Plaintiffs then requested that the defendants surrender their stock certificates, and release their investments and transfer their securities into accounts under the plaintiff’s direct control. No such transfer occurred. Defendants also repeatedly communicated with plaintiffs that the proceeds from the purported profitable sales of securities would be remitted to the plaintiffs. No such payment occurred and the defendants responded allegedly by providing false and fraudulent excuses to the plaintiffs. After numerous and repeated demands by the plaintiffs for the repayment of their funds, and despite repeated assurances of defendants that they would repay the plaintiffs, defendants have failed to repay the funds to the plaintiffs. As a result, the plaintiffs allegedly lost approximately $944,000.

II.

Defendant Baggs contends that the federal securities fraud and Racketeer Influenced and Corrupt Organizations Act, 18 U.S.C. § 1961 et seq., (“RICO”) claims should be dismissed for failure to plead fraud with sufficient detail and particularity as required by Federal Rule of Civil Procedure 9(b). 1 In deciding this motion, the Court must accept the factual allegations set forth in the complaint as true and must draw all reasonable inferences in favor of the plaintiffs. Correa-Martinez v. Arrillaga-Belendez, 903 F.2d 49, 51 (1st Cir.1990); Dartmouth Review v. Dartmouth College, 889 F.2d 13, 16 (1st Cir.1989). Furthermore, the complaint should not be dismissed unless it appears beyond doubt that the plaintiffs can prove no set of facts which would entitle them to relief. Conley v. Gibson, 355 U.S. 41, 45-46, 78 S.Ct. 99, 101-102, 2 L.Ed.2d 80 (1957); Dartmouth Review, 889 F.2d at 16. In light of these standards, this Court shall examine the claims against Baggs.

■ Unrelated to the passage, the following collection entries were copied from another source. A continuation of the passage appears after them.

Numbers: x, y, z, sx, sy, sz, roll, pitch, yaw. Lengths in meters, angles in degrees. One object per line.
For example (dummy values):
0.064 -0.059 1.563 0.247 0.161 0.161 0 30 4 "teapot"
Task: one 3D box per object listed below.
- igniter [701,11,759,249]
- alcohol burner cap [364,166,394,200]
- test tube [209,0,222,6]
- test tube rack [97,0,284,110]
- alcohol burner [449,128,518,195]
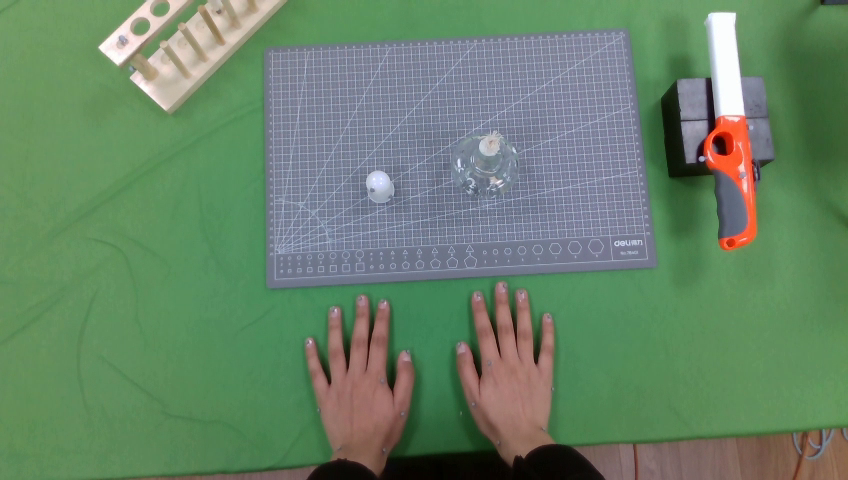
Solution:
0.334 -0.125 0.668 0.057 0.025 0.275 1 78 3 "igniter"
-0.052 -0.068 0.695 0.034 0.048 0.033 -1 79 4 "alcohol burner cap"
-0.253 -0.310 0.669 0.017 0.151 0.017 0 74 1 "test tube"
-0.251 -0.274 0.712 0.066 0.085 0.242 42 82 8 "test tube rack"
0.067 -0.091 0.663 0.078 0.119 0.077 0 78 -1 "alcohol burner"
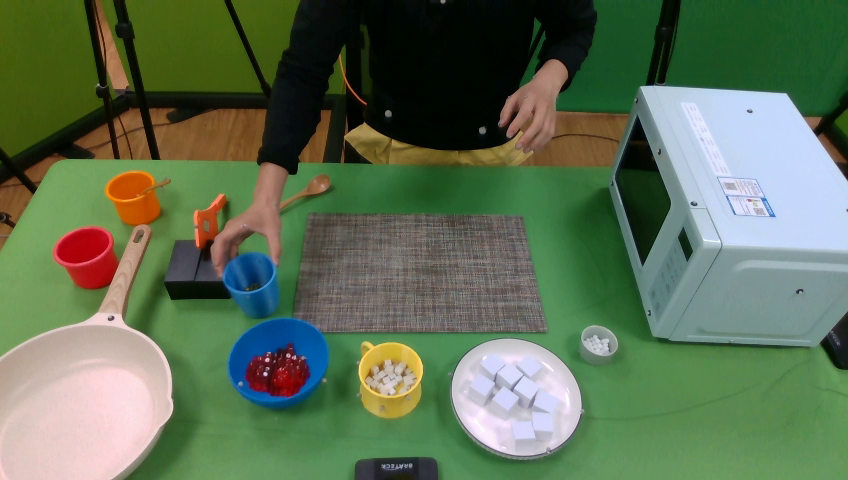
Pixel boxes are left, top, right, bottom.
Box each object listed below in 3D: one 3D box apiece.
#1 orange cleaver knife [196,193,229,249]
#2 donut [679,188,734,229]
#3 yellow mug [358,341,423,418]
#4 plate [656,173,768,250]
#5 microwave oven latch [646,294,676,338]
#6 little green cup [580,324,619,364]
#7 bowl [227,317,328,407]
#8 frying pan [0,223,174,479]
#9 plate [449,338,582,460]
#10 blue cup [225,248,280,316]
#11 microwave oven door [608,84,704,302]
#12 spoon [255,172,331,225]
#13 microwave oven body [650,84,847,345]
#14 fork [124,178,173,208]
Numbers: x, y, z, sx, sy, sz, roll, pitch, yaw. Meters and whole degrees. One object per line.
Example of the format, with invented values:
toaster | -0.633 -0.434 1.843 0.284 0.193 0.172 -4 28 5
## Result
orange cleaver knife | -0.406 -0.041 1.163 0.012 0.077 0.210 0 17 -3
donut | 0.545 -0.062 1.175 0.099 0.048 0.098 0 44 0
yellow mug | -0.062 0.210 0.961 0.100 0.064 0.130 -29 54 -27
plate | 0.556 -0.053 1.186 0.209 0.038 0.208 2 45 -2
microwave oven latch | 0.412 0.133 1.060 0.030 0.029 0.078 3 46 0
little green cup | 0.296 0.179 1.031 0.061 0.039 0.061 2 45 -2
bowl | -0.222 0.203 0.947 0.151 0.077 0.150 2 46 -2
frying pan | -0.504 0.169 0.941 0.307 0.103 0.485 5 54 -1
plate | 0.141 0.251 0.955 0.208 0.039 0.206 2 46 -2
blue cup | -0.286 0.080 1.037 0.093 0.101 0.092 1 52 -1
microwave oven door | 0.424 -0.096 1.138 0.039 0.245 0.353 3 46 -1
spoon | -0.272 -0.087 1.257 0.041 0.022 0.193 43 57 16
microwave oven body | 0.569 -0.054 1.116 0.326 0.261 0.439 2 46 -1
fork | -0.525 -0.090 1.154 0.207 0.019 0.028 -17 26 45
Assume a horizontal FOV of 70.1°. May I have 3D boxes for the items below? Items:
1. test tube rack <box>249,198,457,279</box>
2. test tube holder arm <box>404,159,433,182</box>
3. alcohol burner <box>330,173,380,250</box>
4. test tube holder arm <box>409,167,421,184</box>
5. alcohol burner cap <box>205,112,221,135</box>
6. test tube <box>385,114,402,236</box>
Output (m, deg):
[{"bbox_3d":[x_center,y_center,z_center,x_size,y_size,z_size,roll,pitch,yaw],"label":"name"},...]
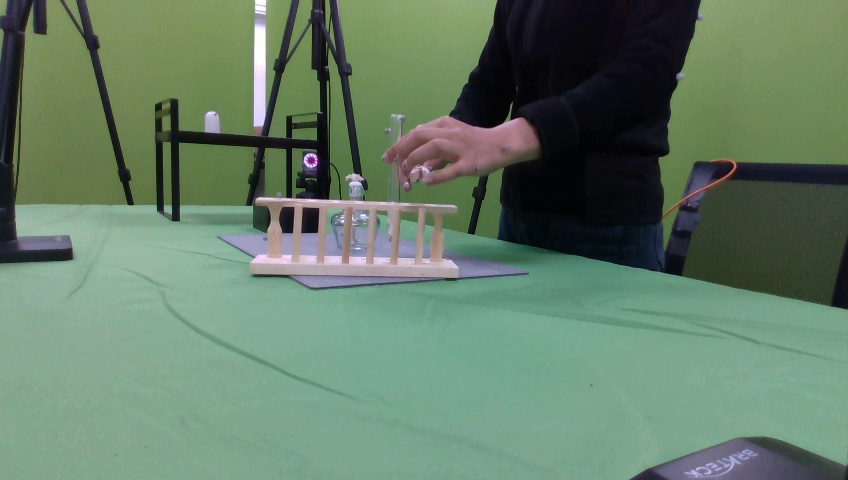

Rule 9(b) requires that “the circumstances constituting fraud ... shall be stated with particularity ... [but] [mjalice, intent, knowledge, and other conditions of the mind may be averred generally.” Fed. R.Civ.P. 9(b). To satisfy Rule 9(b), a pleading must specify the “time, place, and content of an alleged false representation but not the circumstances or evidence from which fraudulent intent could be inferred.” *237 McGinty v. Beranger Volkswagen, Inc., 633 F.2d 226, 229 (1st Cir.1980). Also, in considering a motion to dismiss, the Court must weigh Rule 9 against the general policy of Rule 8 notice pleading. Fed.R. Civ.P. 8. Detailed facts are not required where allegations of fraud in the complaint set forth the specific basis for the claim. Hayduk v. Lanna, 775 F.2d 441, 444 (1st Cir.1985); McGinty, 633 F.2d at 229.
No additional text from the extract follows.